When the weather turns cold and rainy, truffle season starts in my kitchen. I'm never on top of things enough to get photos before they go off to friends and co-workers, but this time I had a few left over from a marathon truffle session this weekend.
The recipe (from the New York Times):
7/8 cup heavy cream
8 ounces good quality bittersweet chocolate, chopped
Unsweetened cocoa powder as needed.
1. Heat cream in a pot until it steams. Put chocolate in a bowl, pour hot cream on top, and stir until chocolate is melted and incorporated into cream.

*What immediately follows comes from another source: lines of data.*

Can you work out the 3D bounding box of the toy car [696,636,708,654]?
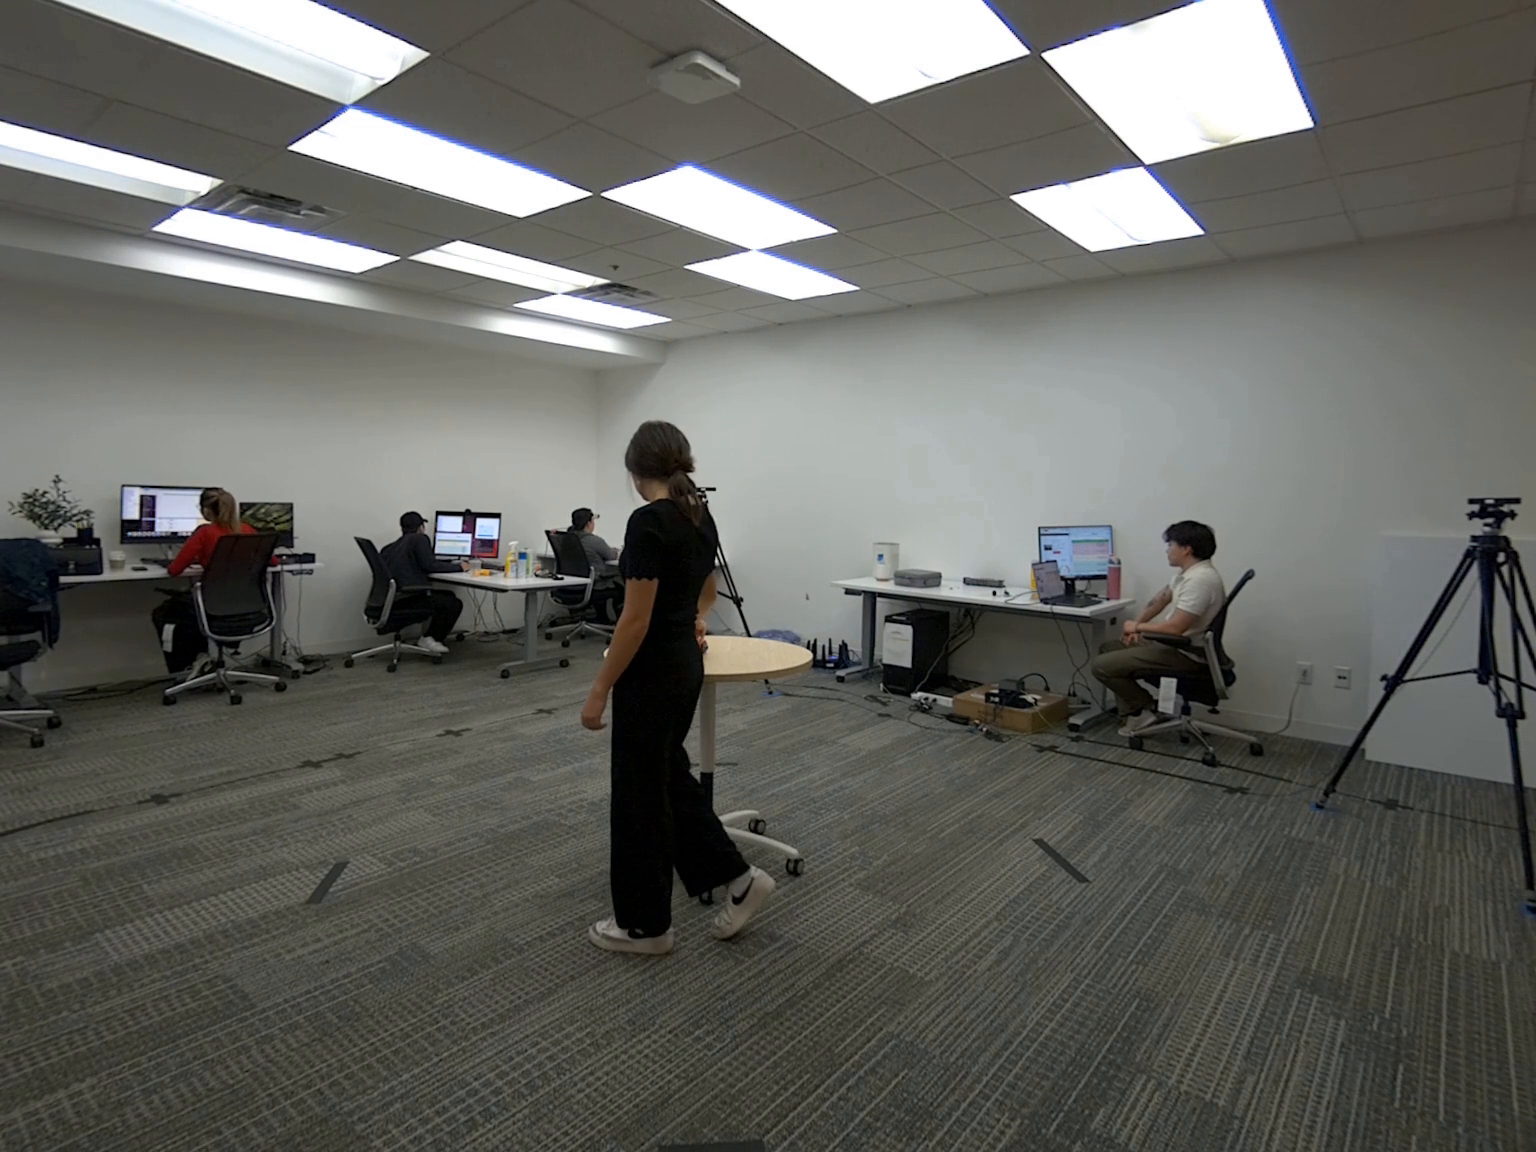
[{"bbox_3d":[-0.323,0.252,3.051,0.133,0.084,0.247,3,-6,21],"label":"toy car"}]
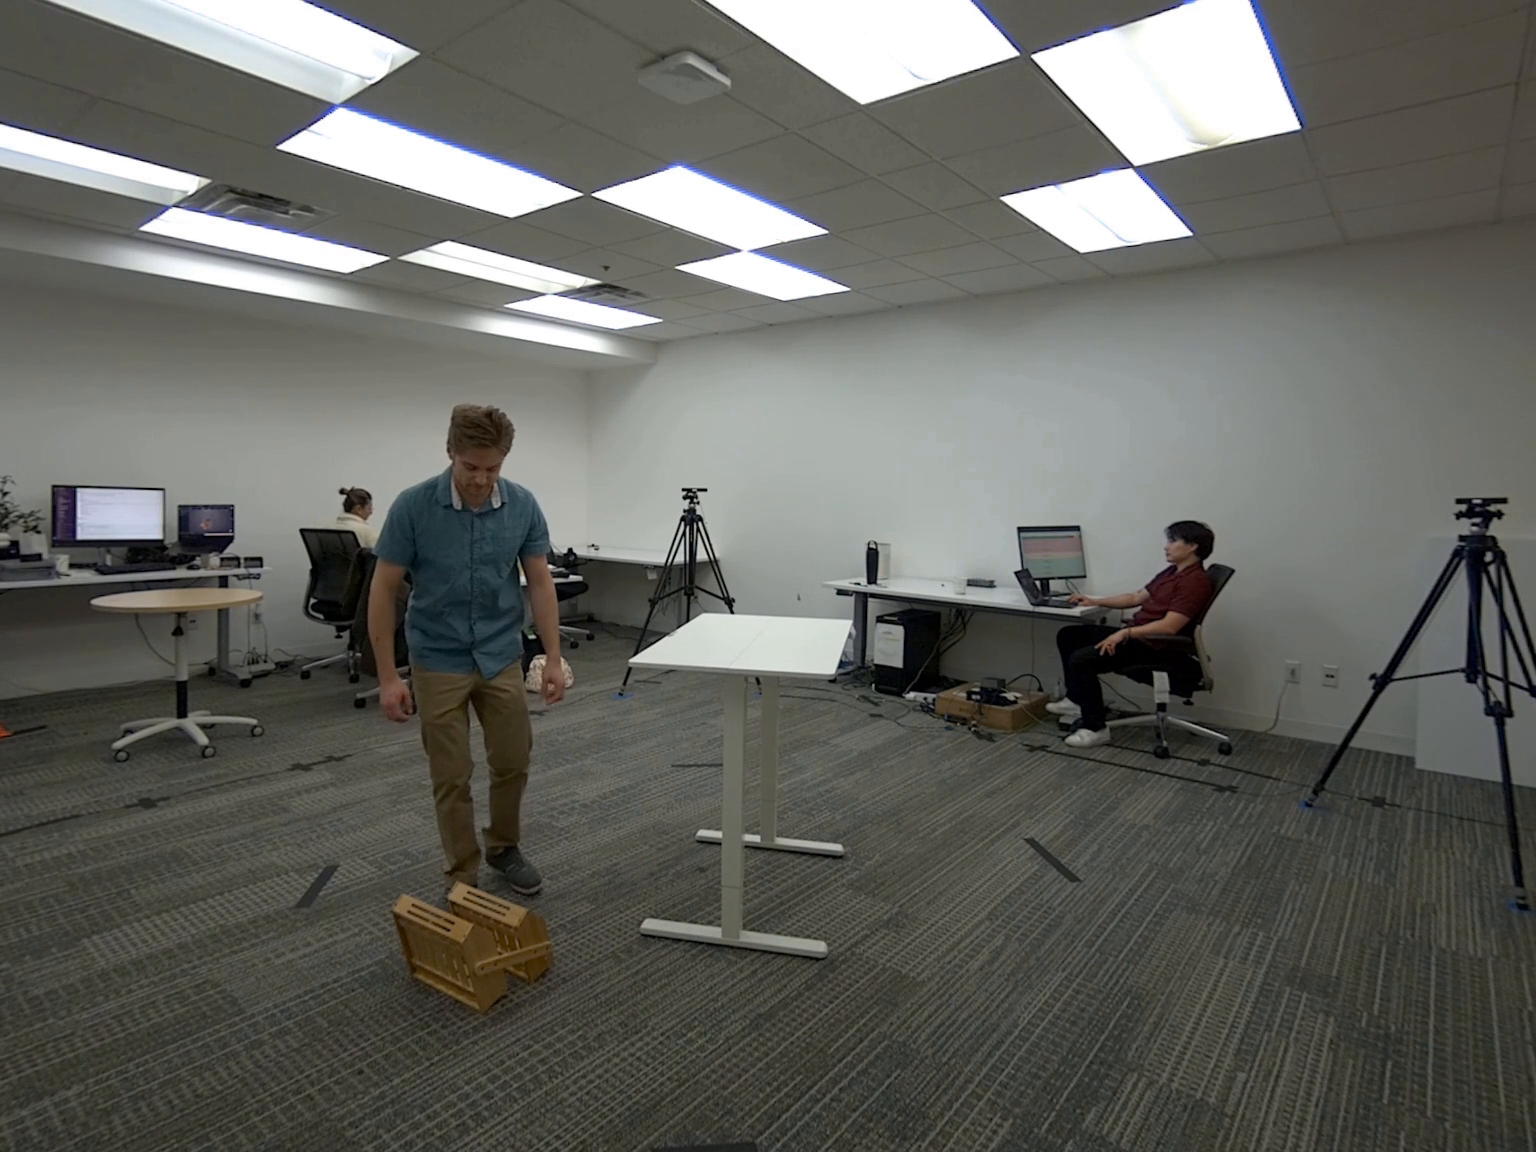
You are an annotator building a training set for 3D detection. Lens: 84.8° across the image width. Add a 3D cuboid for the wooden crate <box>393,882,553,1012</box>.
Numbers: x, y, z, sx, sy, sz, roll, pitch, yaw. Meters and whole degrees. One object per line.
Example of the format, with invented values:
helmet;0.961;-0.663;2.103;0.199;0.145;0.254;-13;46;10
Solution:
wooden crate;-0.836;0.997;2.397;0.334;0.296;0.270;2;21;30
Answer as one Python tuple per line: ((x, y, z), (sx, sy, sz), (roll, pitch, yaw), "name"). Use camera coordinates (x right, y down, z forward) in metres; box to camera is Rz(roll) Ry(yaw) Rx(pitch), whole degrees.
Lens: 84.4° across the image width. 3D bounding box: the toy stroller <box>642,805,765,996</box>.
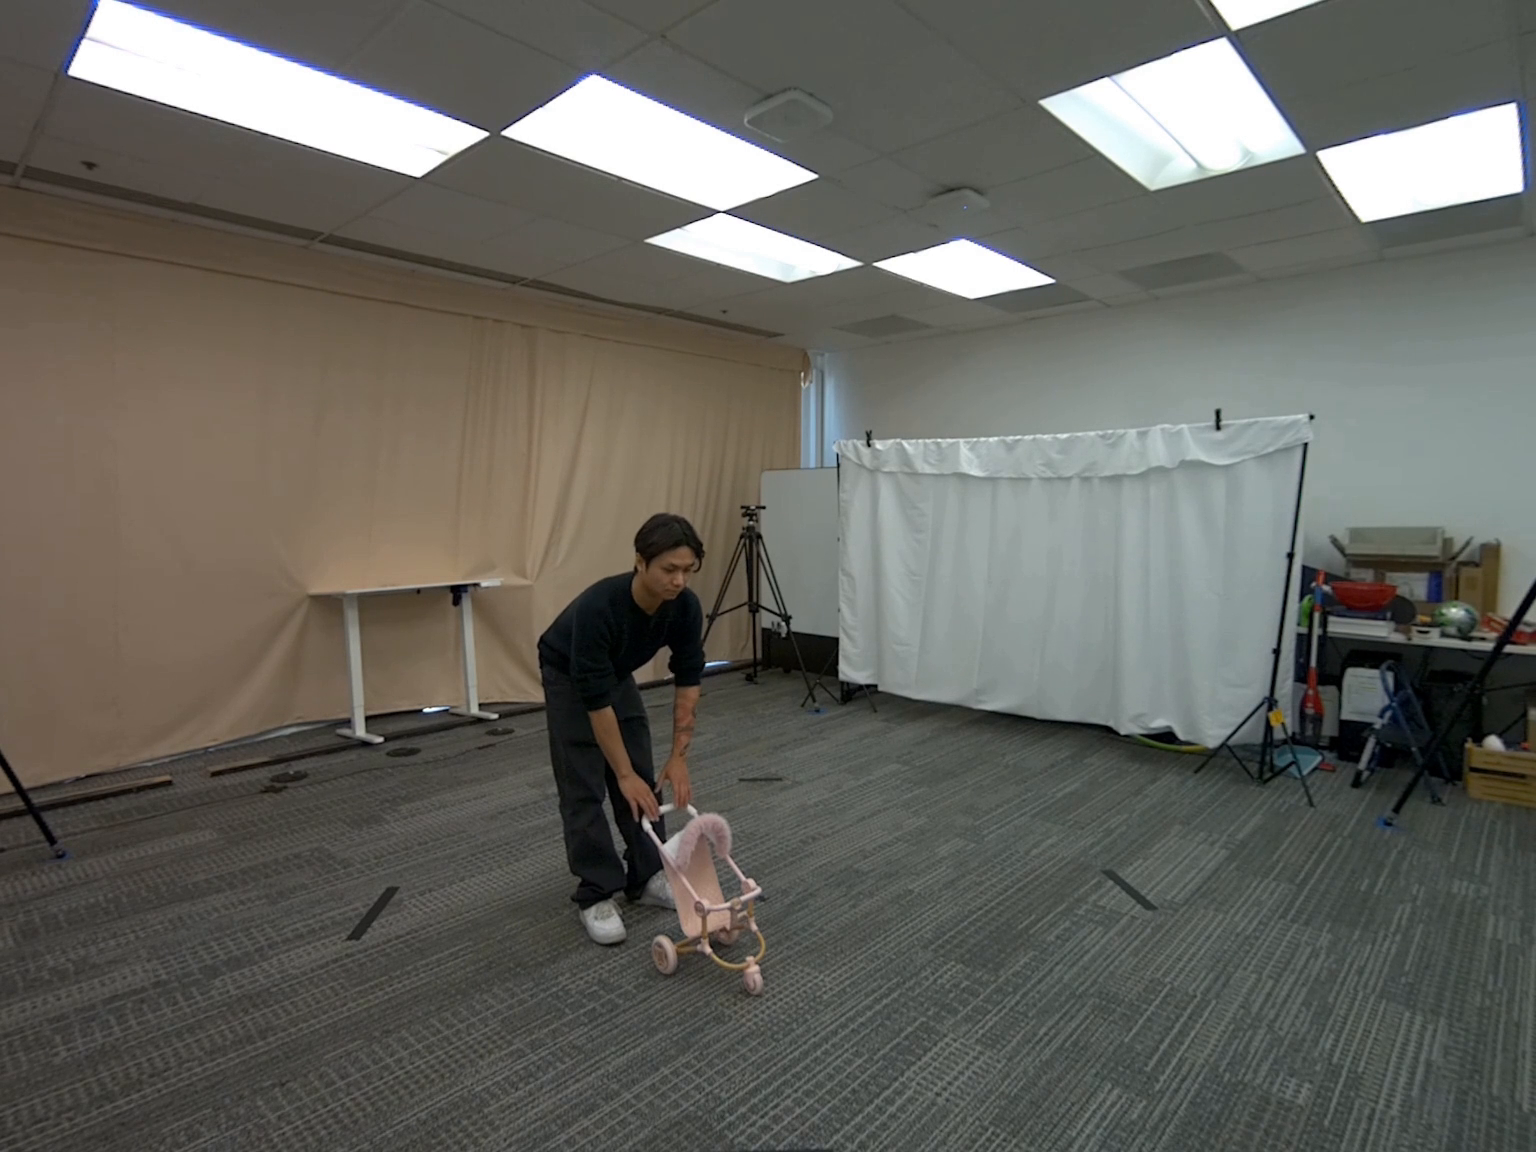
((-0.175, 0.957, 2.536), (0.273, 0.539, 0.349), (-3, -12, -39), "toy stroller")
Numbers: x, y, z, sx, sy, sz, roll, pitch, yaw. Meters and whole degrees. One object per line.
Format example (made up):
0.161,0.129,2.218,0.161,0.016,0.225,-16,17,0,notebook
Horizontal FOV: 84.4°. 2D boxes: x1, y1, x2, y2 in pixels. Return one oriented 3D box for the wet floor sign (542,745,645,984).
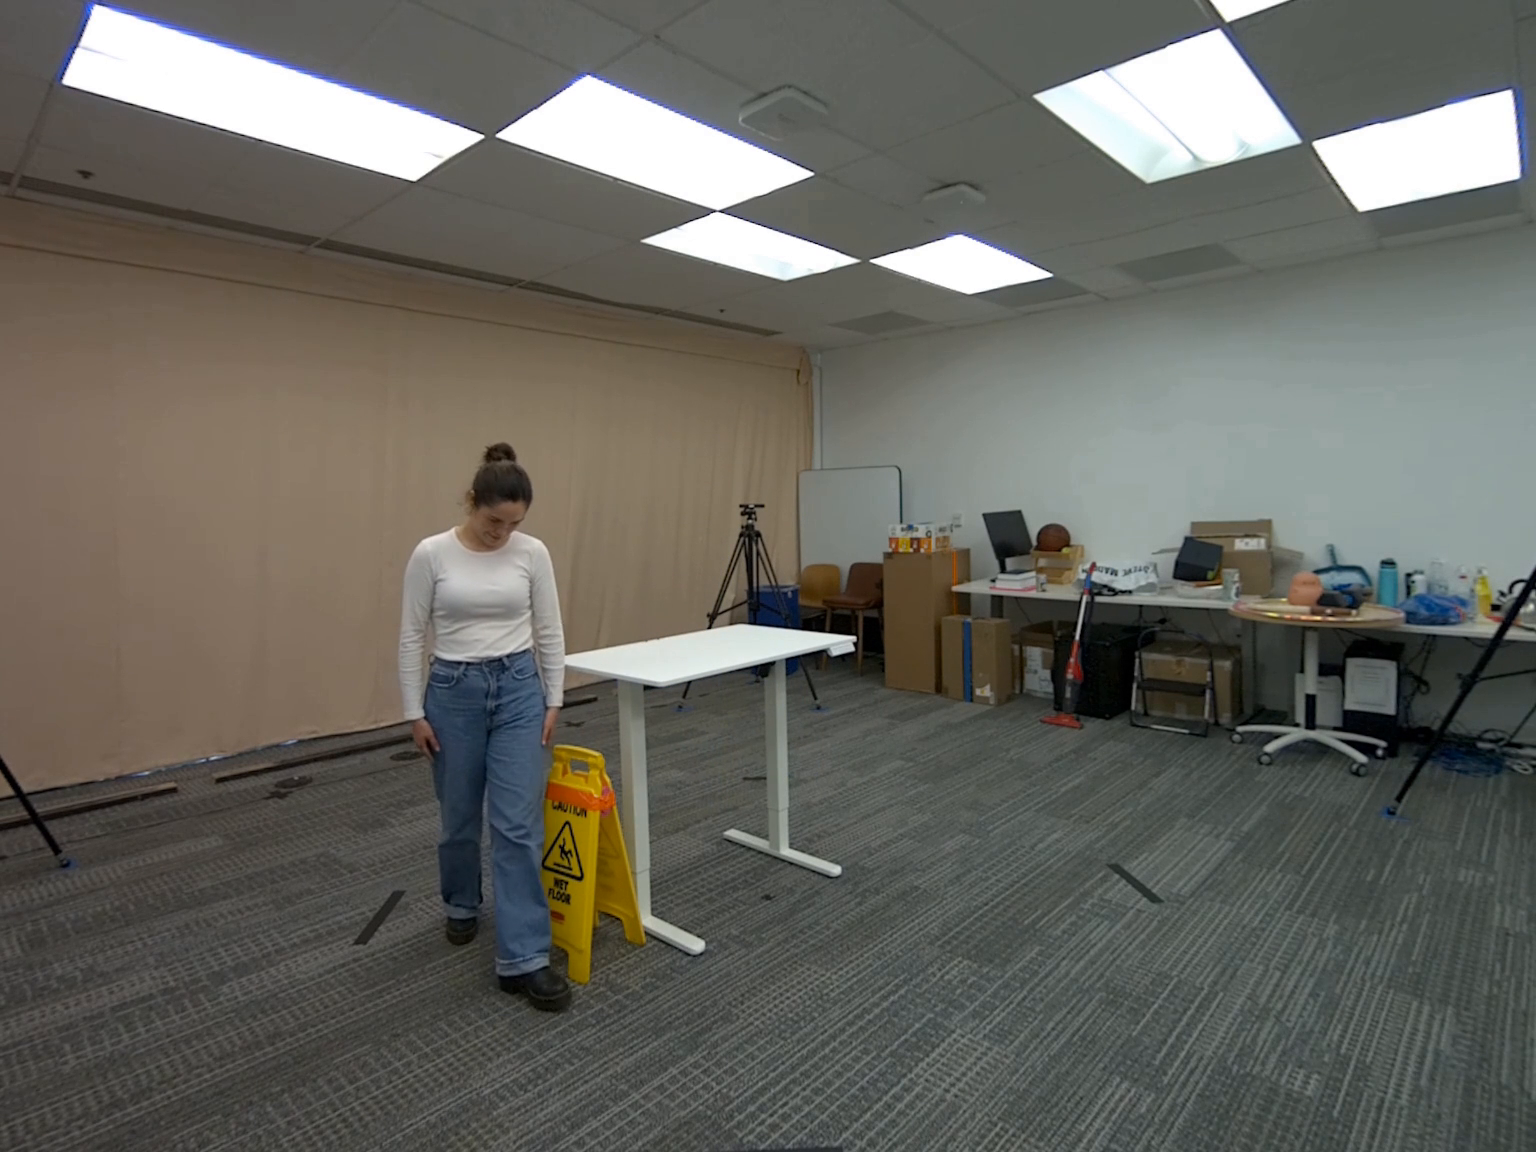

2. Chill until solid all the way through, 1 to 2 hours. Using a chilled melon baller (I use a disher) or latex gloves to prevent the ganache from melting or sticking to your hands, scoop out about a tablespoonful and quickly roll it into a ball. Repeat, lining truffles on a plate or a baking sheet.
3. If truffles become too soft to handle, place them in refrigerator or freezer for a few minutes. Roll them in cocoa powder, confectioners’ sugar or a mixture of sugar and ground cinnamon. Serve immediately or store, wrapped in plastic, in refrigerator for up to four days. (Note: I like to roll them in cocoa right before serving, if possible, because after a day or two in the refrigerator, the cocoa gets wet spots).
Yield: About 1 1/2 cups ganache, or 24 truffles.
Potential flavors? Endless. This weekend, we experimented with adding Ancho chili powder to the cream, and we made another batch with a liberal dose (I'd say about 3/4 cup) of Nutella. See, I was crushed that I had missed World Nutella Day, so I wanted to include it in my truffle making. We just mixed it into the ganache before chilling. I've been wanting to make chai truffles, cinnamon, espresso, smoked paprika, Meyer lemon, you name it.
Please try this. It's a wonderful gift for that special someone, especially when that someone is you!